4. The method as claimed in claim 3, wherein the magnesium salt is selected from the group consisting of magnesium nitrate, magnesium chloride, magnesium sulfate, and magnesium acetate, or a mixture of two, three, or four of the magnesium salts.

5. The method as claimed in claim 3, wherein the metal salt for forming the complex metal oxide composite comprises two or three metal salts selected from the group consisting of iron salt, cobalt salt and nickel salt.

6. The method as claimed in claim 5, wherein the iron salt is selected from a group consisting of ferric nitrate, ferric chloride, ferric sulfate, ferric acetate; the cobalt salt is selected from a group consisting of cobalt nitrate, cobalt chloride, cobalt sulfate, cobalt acetate; and the nickel salt is selected from a group consisting of nickel nitrate, nickel chloride, nickel sulfate, nickel acetate.

7. The method as claimed in claim 3, wherein the lanthanum salt for forming lanthanum doping composite is selected from the group consisting of lanthanum nitrate, lanthanum carbonate, and lanthanum acetate; and the salt for forming enhanced catalytic composite is molybdate.

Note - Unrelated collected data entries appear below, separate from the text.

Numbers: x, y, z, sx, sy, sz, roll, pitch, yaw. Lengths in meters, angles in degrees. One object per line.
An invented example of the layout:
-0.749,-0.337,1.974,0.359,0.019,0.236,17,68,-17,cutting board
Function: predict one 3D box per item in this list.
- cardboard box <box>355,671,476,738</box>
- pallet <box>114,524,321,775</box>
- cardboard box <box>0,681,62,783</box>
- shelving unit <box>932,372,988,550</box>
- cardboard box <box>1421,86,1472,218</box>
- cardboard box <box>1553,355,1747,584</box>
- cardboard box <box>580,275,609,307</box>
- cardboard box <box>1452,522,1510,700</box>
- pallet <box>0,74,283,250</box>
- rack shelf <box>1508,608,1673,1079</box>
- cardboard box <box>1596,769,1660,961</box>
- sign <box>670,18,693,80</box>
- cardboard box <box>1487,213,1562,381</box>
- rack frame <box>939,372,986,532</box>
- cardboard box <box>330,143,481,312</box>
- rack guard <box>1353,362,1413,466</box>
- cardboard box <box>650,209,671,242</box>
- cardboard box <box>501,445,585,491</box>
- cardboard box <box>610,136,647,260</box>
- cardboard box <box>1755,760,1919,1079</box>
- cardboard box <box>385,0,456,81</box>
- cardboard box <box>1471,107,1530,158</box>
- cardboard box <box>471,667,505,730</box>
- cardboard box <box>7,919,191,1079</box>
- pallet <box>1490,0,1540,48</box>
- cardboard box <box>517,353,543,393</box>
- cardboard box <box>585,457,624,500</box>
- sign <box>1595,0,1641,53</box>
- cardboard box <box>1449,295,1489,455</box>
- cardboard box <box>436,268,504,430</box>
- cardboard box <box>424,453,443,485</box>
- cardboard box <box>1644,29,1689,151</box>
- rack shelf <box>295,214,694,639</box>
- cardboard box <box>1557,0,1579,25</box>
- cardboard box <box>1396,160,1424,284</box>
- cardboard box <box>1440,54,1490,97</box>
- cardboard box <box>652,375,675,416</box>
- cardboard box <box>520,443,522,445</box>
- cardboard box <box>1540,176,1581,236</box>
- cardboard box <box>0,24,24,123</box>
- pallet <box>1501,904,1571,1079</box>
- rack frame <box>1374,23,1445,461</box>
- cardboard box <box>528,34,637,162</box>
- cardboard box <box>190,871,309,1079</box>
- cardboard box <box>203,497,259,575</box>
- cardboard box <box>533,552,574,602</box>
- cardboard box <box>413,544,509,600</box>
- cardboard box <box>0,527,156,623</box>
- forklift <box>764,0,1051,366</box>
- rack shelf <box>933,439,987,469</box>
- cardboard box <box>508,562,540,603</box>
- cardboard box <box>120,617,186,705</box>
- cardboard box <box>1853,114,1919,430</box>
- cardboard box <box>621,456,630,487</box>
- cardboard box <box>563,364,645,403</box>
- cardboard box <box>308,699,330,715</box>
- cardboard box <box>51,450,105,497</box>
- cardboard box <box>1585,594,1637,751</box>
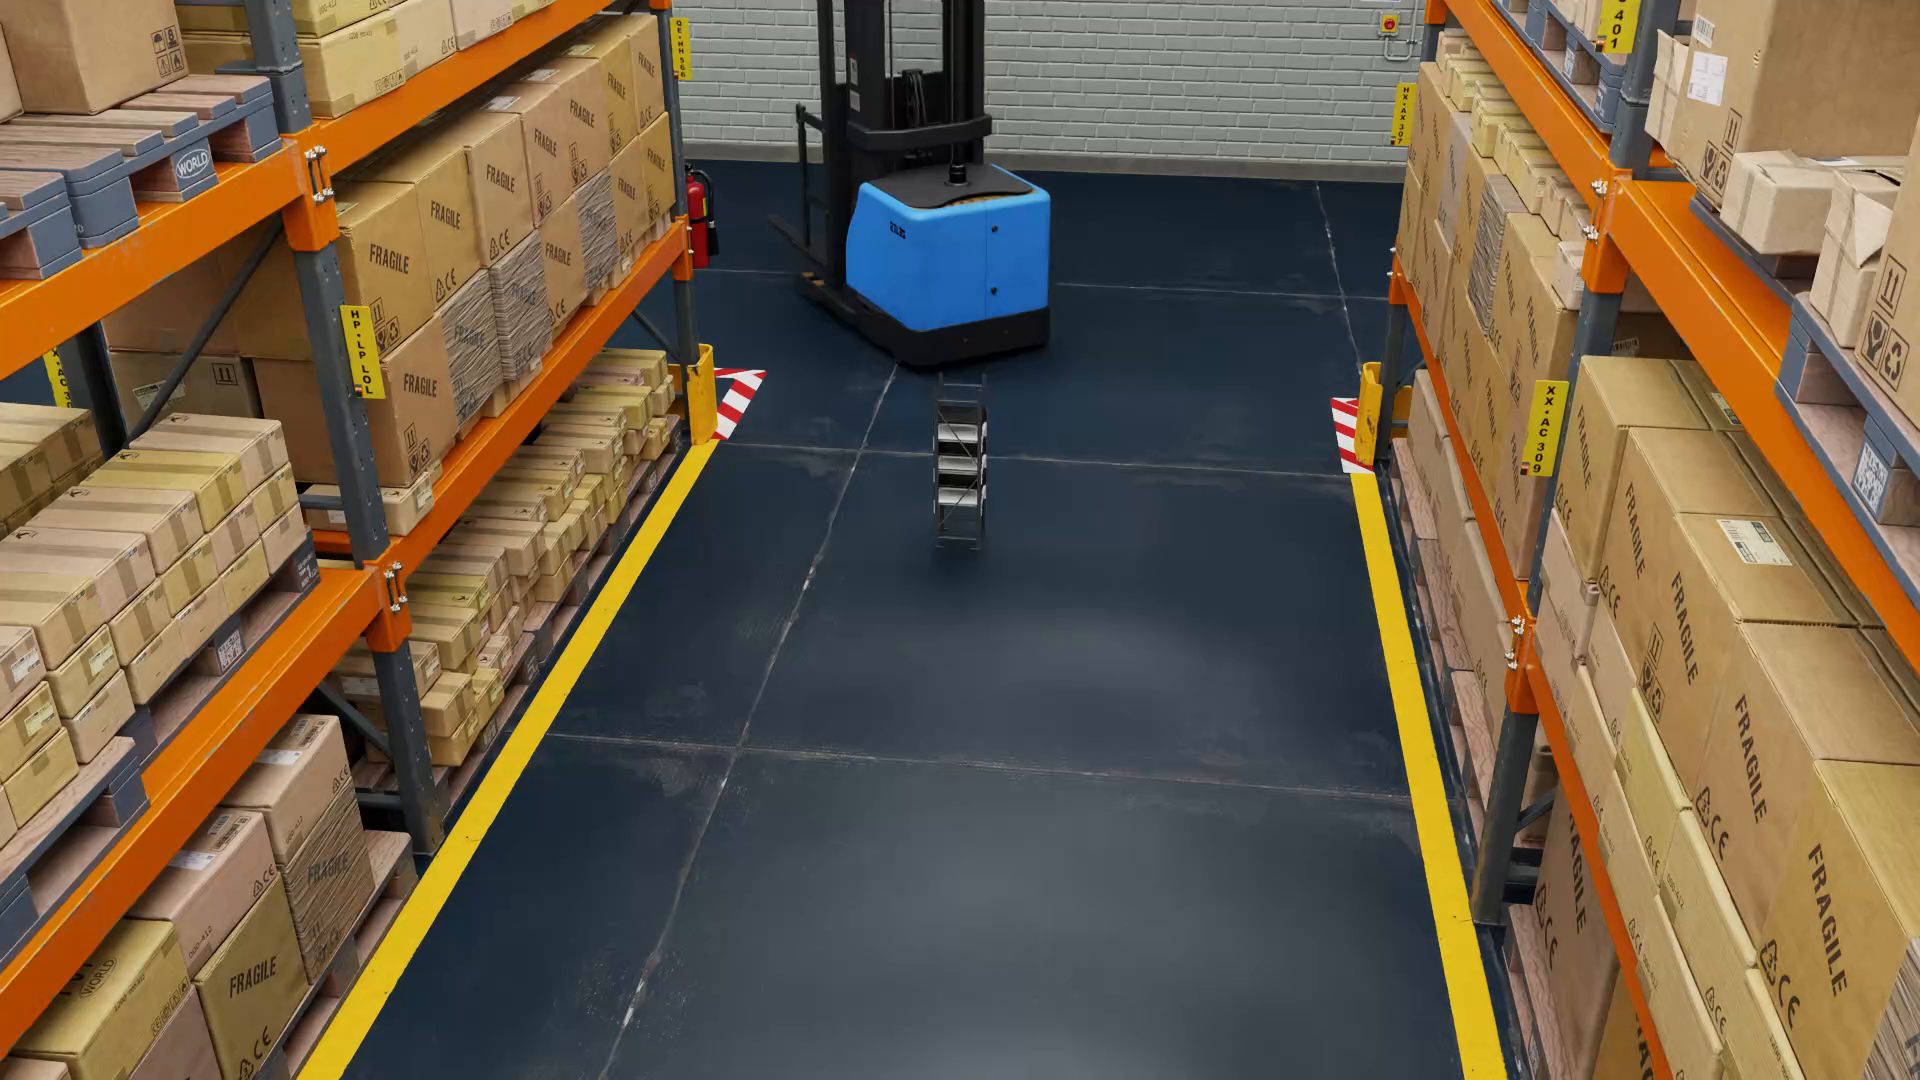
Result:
-2.172,0.645,6.640,0.380,0.149,0.250,5,29,9,cardboard box
-2.772,0.293,5.245,1.003,0.211,1.213,3,28,6,pallet
-2.544,0.472,4.220,0.380,0.149,0.250,3,29,6,cardboard box
0.001,-0.400,8.544,0.258,0.900,0.210,3,28,6,shelving unit
2.484,-1.816,7.799,0.500,0.500,0.500,3,28,5,cardboard box
2.052,-0.196,4.792,0.500,0.500,0.500,4,29,7,cardboard box
-1.956,-1.267,8.204,0.380,0.149,0.250,2,28,4,cardboard box
2.684,0.330,7.233,0.875,0.438,0.875,3,28,5,cardboard box
-2.715,-1.096,4.657,1.213,0.211,1.003,3,28,6,pallet
2.147,1.356,3.829,1.077,0.370,4.000,3,28,6,rack shelf
1.935,0.839,4.187,0.500,0.250,0.500,3,28,6,cardboard box
-1.495,-2.632,8.920,0.100,0.325,0.005,3,28,6,sign
2.246,-0.863,6.030,0.500,0.500,0.500,3,28,5,cardboard box
0.013,-0.448,8.633,0.240,0.900,0.006,3,28,6,rack frame
-2.188,-1.201,6.343,0.500,0.500,0.500,3,28,5,cardboard box
2.885,-0.696,9.515,1.175,0.500,0.348,3,28,6,rack guard
-1.803,-1.745,9.091,0.380,0.149,0.250,3,28,6,cardboard box
-2.065,-0.343,8.160,0.380,0.149,0.250,2,28,4,cardboard box
-1.911,-1.732,8.383,0.500,0.500,0.500,3,28,5,cardboard box
1.827,0.762,3.013,0.500,0.500,0.500,3,28,6,cardboard box
-2.163,-1.836,5.991,0.500,0.250,0.500,3,28,5,cardboard box
2.332,-1.676,6.856,0.380,0.149,0.250,3,28,5,cardboard box
-2.137,0.650,6.944,0.380,0.149,0.250,4,29,8,cardboard box
-2.501,1.299,4.578,0.500,0.250,0.500,2,28,4,cardboard box
2.654,-2.141,6.492,1.003,0.211,1.213,3,28,6,pallet
-2.061,-0.769,7.279,0.380,0.149,0.250,5,29,8,cardboard box
-1.937,-0.332,8.453,0.380,0.149,0.250,4,29,7,cardboard box
1.841,-1.517,4.612,0.100,0.325,0.005,3,28,6,sign
2.299,-0.660,6.706,0.500,0.500,0.500,3,28,5,cardboard box
-2.169,-0.769,6.596,0.500,0.500,0.500,3,28,6,cardboard box
-2.216,-0.272,6.357,0.380,0.149,0.250,4,29,8,cardboard box
1.983,-1.133,4.228,0.396,0.266,0.258,3,28,6,cardboard box
-2.288,-0.767,7.770,1.077,0.370,4.000,3,28,6,rack shelf
2.185,-1.785,5.454,0.380,0.149,0.250,4,29,7,cardboard box
2.538,-1.620,8.489,0.500,0.500,0.500,3,28,6,cardboard box
2.456,-2.161,7.755,0.380,0.149,0.250,4,29,8,cardboard box
-1.825,-0.821,9.361,0.380,0.149,0.250,3,28,5,cardboard box
-2.533,-0.494,8.754,0.380,0.149,0.250,4,29,8,cardboard box
2.307,-1.190,5.953,0.380,0.149,0.250,3,28,6,cardboard box
-2.850,-1.207,4.316,0.500,0.311,0.500,3,28,5,cardboard box
2.372,1.693,5.385,1.003,0.211,1.213,3,28,6,pallet
2.882,-1.785,8.901,1.000,3.000,0.127,3,28,6,rack frame
-1.915,-2.172,8.146,0.500,0.500,0.500,2,28,4,cardboard box
-2.437,1.378,5.223,0.500,0.500,0.500,3,28,5,cardboard box
-2.417,-0.025,5.142,0.380,0.149,0.250,4,29,7,cardboard box
-2.051,0.162,7.850,0.380,0.149,0.250,3,28,5,cardboard box
-2.202,0.144,7.257,0.380,0.149,0.250,3,28,5,cardboard box
-2.487,0.093,4.609,0.380,0.149,0.250,3,28,6,cardboard box
-0.532,-3.073,11.364,1.130,2.935,3.031,-14,31,-24,forklift
0.001,-0.450,8.517,0.258,0.077,0.200,3,28,6,rack shelf
-2.143,0.149,7.561,0.380,0.149,0.250,5,29,9,cardboard box
-2.480,0.339,4.780,0.380,0.149,0.250,2,28,4,cardboard box
1.830,-0.415,2.648,0.500,0.500,0.500,4,29,7,cardboard box
-1.967,-0.332,8.767,0.380,0.149,0.250,4,29,7,cardboard box
-1.945,-0.838,9.079,0.380,0.149,0.250,4,29,7,cardboard box
-2.824,0.723,6.808,0.380,0.149,0.250,4,29,7,cardboard box
-3.038,-0.189,5.447,0.380,0.149,0.250,4,29,7,cardboard box
2.022,0.381,4.510,0.500,0.250,0.500,4,29,7,cardboard box

8. The method as claimed in claim 6, wherein a molar ratio of iron:cobalt is 0.1-1.0:0.1-1.0 in the complex composite comprising iron salt and cobalt salt; a molar ratio of cobalt:nickel is 0.1-1.0:0.1-1.0 in the complex composite comprising cobalt salt and nickel salt; a molar ratio of iron:nickel is 0.1-1.0:0.1-1.0 in the complex composite comprising iron salt and nickel salt; and a molar ratio of iron:cobalt:nickel is 0.1-1.0:0.1-1.0:0.1-1.0 in the complex composite comprising iron salt, cobalt salt and nickel salt.